Te extrañaba también cuando los mayores gesticulaban y discutían y bajaban las voces al acercarse ustedes y cómo les cambiaba la cara cuando hablaban de algunos temas, pero ese día del baile era un día festivo y todos disfrutaban bebiendo cócteles de colores que les iban sirviendo desde la barra, hasta que la música y la alegría se acoplaban y tú pensabas yo no quiero que pase este momento, que vaya ni para atrás cuando te bañabas y te desenredabas el pelo, antes de venir, ni tampoco para adelante cuando los mozos cansados al día siguiente recogerían las copas rotas, desmontarían las luces y las desenchufarían y limpiarían el salón para que de nuevo pudiera funcionar el comedor.

Por todos creo yo, pero por ella en particular salís a la calle todos los años en el mismo día. Te parás en esa misma esquina y esperás. Este año fuiste con tu hijo en bicicleta y ves pasar los carteles con las fotos en blanco y negro, hasta que ubicás el retrato de ella. Fue sacado antes que la conocieras al final de la secundaria. Tenía ropa muy formal y miraba con una suerte de espanto que no lograba parecerse a esa imagen en tecnicolor del baile del hotel.

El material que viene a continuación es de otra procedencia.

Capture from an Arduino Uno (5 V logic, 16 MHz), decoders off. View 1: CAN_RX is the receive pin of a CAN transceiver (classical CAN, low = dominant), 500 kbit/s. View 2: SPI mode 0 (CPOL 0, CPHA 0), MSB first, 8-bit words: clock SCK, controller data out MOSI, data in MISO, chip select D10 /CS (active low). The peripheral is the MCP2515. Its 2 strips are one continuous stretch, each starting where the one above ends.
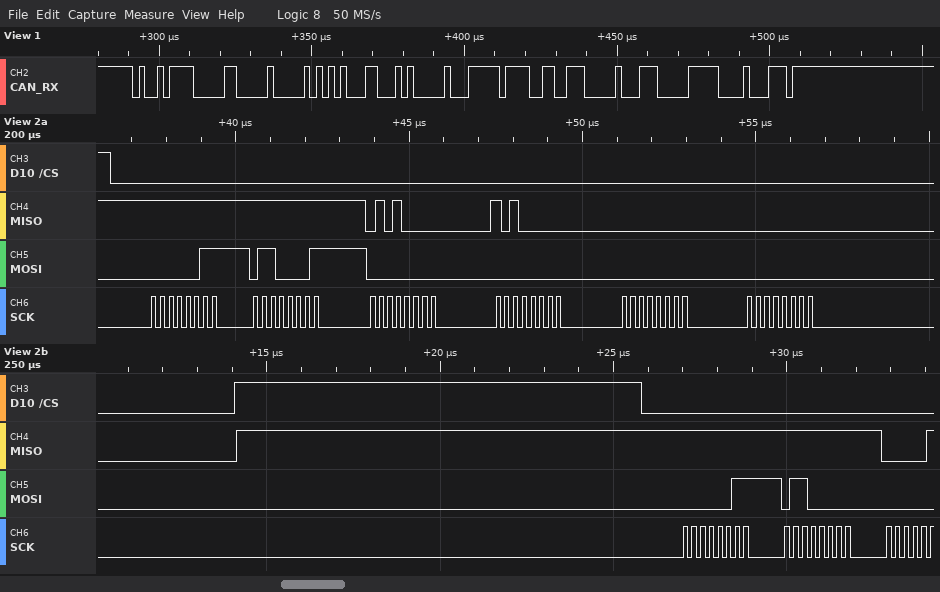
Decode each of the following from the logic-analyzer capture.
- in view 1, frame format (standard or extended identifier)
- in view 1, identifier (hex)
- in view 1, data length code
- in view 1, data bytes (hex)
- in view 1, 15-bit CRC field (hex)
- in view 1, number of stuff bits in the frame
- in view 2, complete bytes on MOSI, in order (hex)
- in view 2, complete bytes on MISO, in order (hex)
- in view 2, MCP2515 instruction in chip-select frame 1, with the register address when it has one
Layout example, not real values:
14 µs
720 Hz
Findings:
standard
0x4BC
8
00 A8 C5 00 FF 99 C0 38
0x1E23
8
03 61 00 00 00 00 03 60
FF FF 50 A0 00 00 FF FF
READ 0x61
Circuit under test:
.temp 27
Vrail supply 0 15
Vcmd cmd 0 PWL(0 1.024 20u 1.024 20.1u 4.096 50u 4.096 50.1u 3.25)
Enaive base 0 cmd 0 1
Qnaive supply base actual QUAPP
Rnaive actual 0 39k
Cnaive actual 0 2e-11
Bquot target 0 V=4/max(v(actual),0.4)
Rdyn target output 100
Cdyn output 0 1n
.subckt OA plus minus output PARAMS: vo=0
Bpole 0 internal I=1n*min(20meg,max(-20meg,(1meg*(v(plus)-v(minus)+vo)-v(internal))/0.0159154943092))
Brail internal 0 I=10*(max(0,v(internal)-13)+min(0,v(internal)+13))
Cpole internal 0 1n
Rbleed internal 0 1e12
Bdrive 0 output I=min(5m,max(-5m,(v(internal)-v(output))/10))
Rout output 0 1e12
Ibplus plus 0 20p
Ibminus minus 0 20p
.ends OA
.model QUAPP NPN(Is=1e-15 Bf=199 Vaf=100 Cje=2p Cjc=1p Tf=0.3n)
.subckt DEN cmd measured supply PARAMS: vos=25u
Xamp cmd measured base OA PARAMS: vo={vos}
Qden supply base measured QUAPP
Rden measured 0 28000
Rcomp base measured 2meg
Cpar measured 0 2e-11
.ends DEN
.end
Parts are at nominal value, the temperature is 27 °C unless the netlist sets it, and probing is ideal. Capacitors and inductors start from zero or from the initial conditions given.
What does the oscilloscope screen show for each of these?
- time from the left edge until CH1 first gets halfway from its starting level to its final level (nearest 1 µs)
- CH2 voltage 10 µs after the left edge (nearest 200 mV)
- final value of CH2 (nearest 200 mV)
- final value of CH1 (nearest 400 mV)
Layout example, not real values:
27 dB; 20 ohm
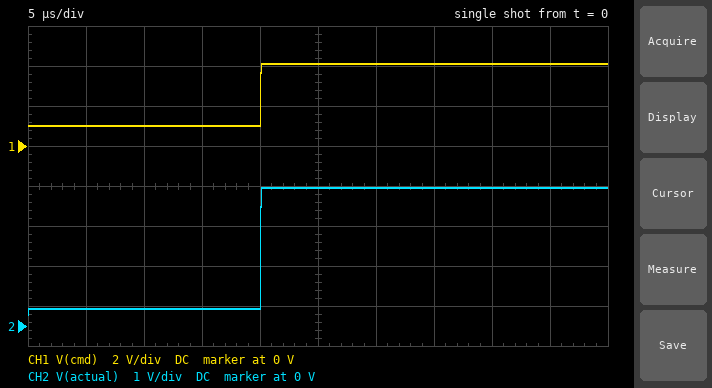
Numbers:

La primera vez la llevaba la abuela, la reconociste por el apellido. A medida que pasaban los años cargaban su retrato los padres y luego algunos sobrinos. Tú ya no conocías a quienes marchaban con la foto y el desencanto te había recluido en tu casa. Casi ninguna causa te movía. Pero sentías por toda la fuerza de las convicciones viscerales que nacieron en tu infancia que, de algún modo, también ibas a allí a acompañarla.

Solo entonces, cuando caminabas al lado de tu hijo que hacía rodar la bicicleta y saludaba a sus amigos te dabas cuenta de cuánto anhelabas que ella hubiera llegado en otra parte al final del trayecto y no a ese corte abrupto al cual había sido destinada.

Deseabas con todas tus fuerzas que se encontrara ahora en Amarillo.